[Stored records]
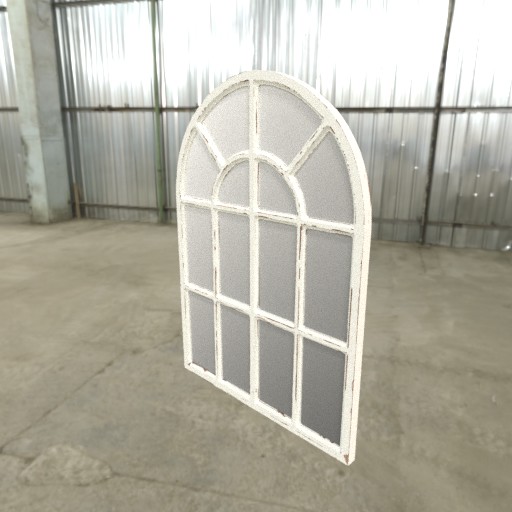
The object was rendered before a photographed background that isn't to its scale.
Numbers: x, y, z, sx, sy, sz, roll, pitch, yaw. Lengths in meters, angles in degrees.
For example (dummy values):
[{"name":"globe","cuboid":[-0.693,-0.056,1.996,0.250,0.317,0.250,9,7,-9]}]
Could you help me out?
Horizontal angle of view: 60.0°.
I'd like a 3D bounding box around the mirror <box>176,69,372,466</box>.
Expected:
[{"name":"mirror","cuboid":[0.000,0.000,1.183,0.660,0.920,0.032,15,22,43]}]
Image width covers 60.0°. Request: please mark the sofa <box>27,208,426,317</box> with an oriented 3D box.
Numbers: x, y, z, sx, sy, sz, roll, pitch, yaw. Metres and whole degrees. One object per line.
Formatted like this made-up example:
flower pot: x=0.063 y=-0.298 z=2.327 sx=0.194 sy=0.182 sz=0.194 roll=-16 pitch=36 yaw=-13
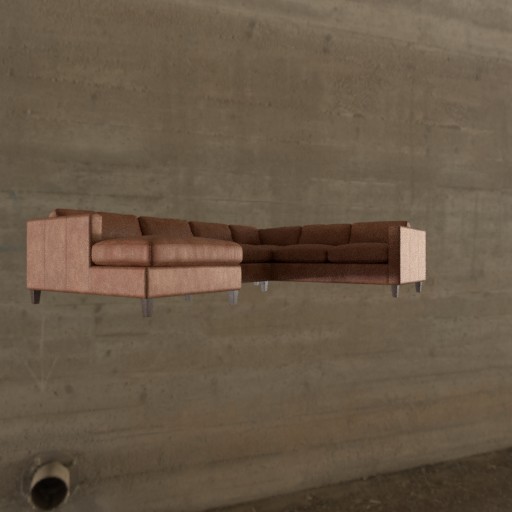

# PROBLEM STATEMENT:
For the word "like", return every line of the records that holds it.

# SOLUTION:
I'd like a 3D bounding box around the mirror <box>176,69,372,466</box>.
Formatted like this made-up example:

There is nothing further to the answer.